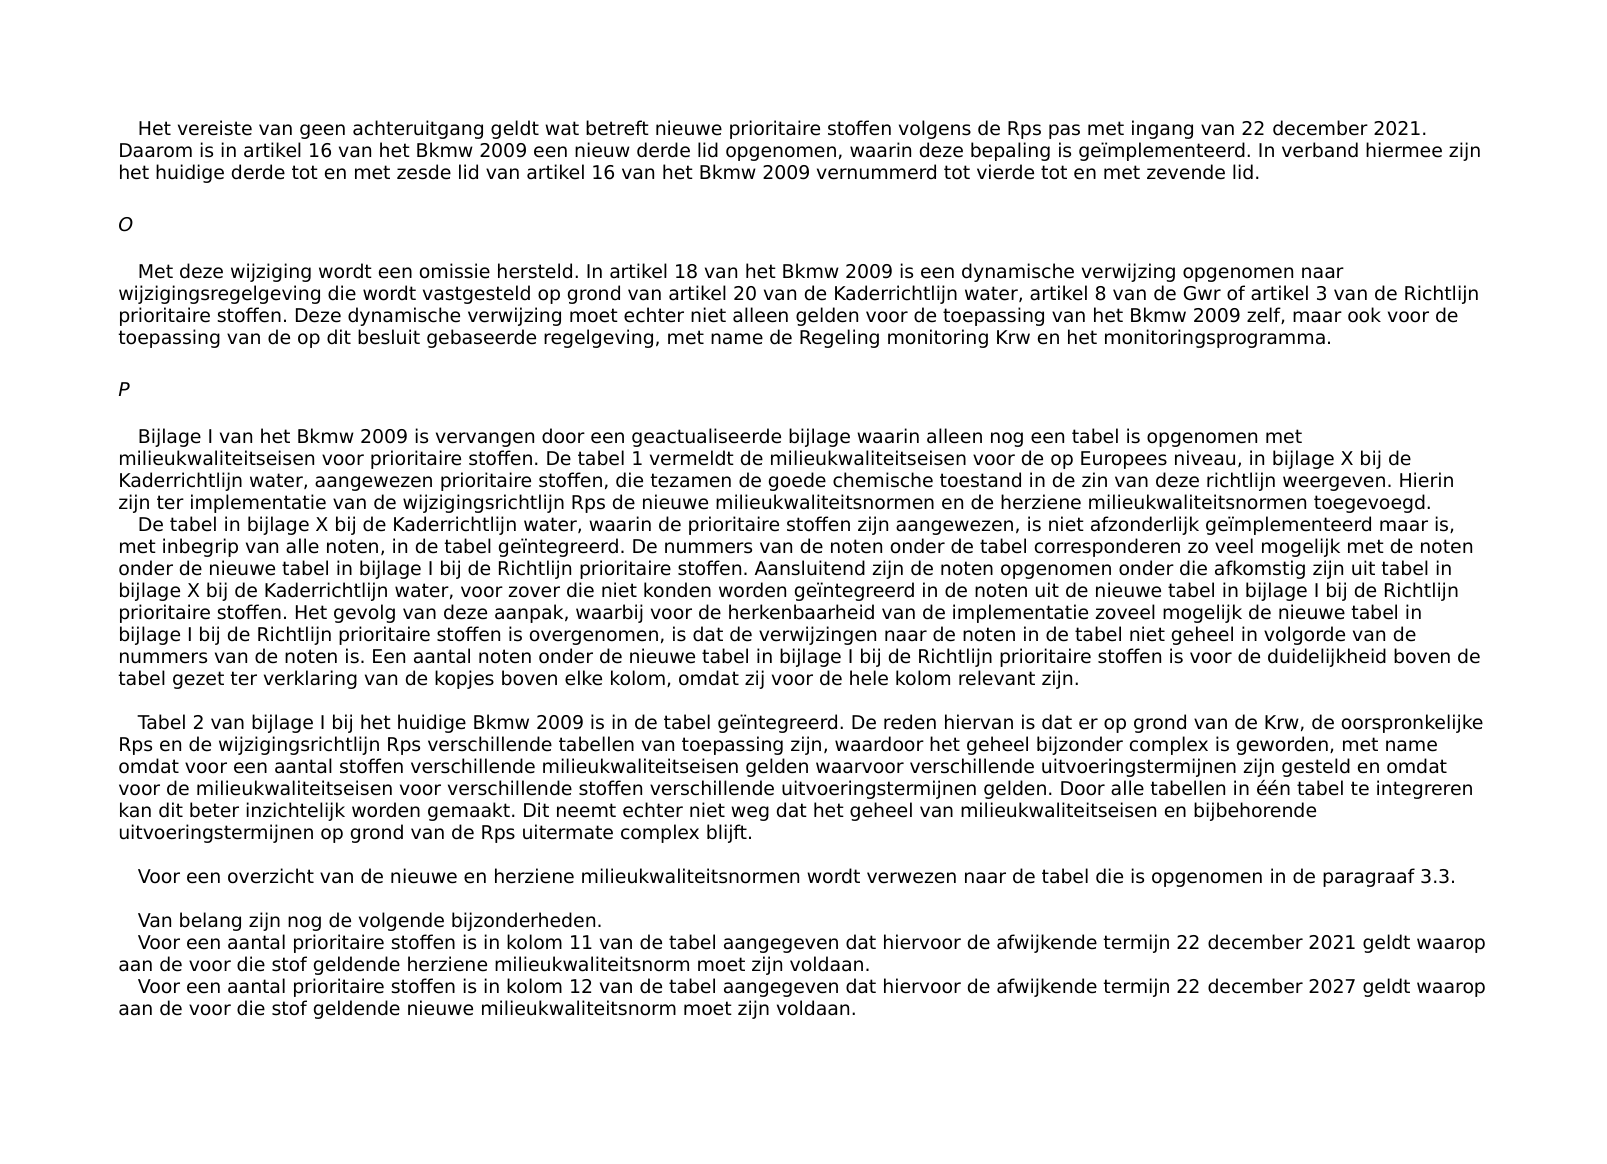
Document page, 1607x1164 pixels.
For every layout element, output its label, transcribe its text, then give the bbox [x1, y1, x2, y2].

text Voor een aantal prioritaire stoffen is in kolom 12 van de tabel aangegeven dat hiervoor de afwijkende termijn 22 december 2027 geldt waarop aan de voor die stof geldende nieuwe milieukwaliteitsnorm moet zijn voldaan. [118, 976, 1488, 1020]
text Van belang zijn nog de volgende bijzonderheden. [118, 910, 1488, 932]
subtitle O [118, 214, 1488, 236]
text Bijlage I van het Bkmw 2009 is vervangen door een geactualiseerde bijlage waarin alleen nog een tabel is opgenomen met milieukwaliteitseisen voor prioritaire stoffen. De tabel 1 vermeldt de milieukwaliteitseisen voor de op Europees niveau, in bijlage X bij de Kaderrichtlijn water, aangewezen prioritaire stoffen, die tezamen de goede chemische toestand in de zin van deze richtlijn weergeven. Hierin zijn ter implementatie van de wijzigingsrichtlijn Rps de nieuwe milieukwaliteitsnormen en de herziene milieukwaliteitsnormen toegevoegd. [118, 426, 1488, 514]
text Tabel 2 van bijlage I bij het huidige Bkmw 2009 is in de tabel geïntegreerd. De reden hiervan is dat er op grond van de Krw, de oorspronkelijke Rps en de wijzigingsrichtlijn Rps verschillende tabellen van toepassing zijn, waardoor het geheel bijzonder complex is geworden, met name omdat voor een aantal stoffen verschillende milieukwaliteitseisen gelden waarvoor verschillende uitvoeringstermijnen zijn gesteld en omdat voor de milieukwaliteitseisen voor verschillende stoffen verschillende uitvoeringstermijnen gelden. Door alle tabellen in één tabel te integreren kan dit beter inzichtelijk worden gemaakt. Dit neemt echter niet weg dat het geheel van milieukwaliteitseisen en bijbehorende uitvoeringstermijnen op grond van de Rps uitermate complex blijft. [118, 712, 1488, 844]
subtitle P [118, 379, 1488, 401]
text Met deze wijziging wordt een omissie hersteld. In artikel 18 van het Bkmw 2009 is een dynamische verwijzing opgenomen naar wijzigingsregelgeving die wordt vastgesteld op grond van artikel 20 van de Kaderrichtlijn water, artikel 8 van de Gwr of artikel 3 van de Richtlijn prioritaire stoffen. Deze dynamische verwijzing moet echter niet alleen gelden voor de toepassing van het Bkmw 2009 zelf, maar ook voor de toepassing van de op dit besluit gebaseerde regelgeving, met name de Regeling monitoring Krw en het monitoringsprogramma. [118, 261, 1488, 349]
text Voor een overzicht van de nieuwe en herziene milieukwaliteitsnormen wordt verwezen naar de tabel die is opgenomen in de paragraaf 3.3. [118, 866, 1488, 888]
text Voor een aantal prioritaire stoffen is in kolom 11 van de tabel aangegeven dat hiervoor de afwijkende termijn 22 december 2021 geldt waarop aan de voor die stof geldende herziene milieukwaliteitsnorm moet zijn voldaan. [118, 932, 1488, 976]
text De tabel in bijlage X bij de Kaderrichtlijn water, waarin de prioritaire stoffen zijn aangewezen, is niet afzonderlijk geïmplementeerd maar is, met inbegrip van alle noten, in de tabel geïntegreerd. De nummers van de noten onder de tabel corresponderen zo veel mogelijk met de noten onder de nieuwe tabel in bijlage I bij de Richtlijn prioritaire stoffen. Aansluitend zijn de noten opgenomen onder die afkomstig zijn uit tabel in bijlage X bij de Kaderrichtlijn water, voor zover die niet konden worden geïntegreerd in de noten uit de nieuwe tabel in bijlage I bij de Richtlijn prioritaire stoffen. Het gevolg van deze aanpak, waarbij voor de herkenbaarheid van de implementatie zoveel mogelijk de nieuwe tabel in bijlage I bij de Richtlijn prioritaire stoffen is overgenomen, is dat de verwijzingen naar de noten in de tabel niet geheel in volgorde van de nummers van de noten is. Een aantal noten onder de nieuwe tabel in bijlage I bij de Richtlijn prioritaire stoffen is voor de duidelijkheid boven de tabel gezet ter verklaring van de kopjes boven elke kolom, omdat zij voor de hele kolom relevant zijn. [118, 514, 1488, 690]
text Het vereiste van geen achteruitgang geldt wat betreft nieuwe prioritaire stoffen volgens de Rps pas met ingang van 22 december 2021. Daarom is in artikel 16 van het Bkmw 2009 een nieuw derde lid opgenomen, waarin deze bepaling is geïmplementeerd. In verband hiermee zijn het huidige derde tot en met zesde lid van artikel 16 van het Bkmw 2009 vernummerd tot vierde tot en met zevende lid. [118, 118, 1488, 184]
■ ■ ■ ■
**WORK INSTRUCTIONS:**
Leave out the pictures. Return exactly the lines from the first line of the records to the line bearing "subtitle O [118, 214, 1488, 236]", inclusive.

**TASK OUTPUT:**
Document page, 1607x1164 pixels.
For every layout element, output its label, transcribe its text, then give the bbox [x1, y1, x2, y2].

text Voor een aantal prioritaire stoffen is in kolom 12 van de tabel aangegeven dat hiervoor de afwijkende termijn 22 december 2027 geldt waarop aan de voor die stof geldende nieuwe milieukwaliteitsnorm moet zijn voldaan. [118, 976, 1488, 1020]
text Van belang zijn nog de volgende bijzonderheden. [118, 910, 1488, 932]
subtitle O [118, 214, 1488, 236]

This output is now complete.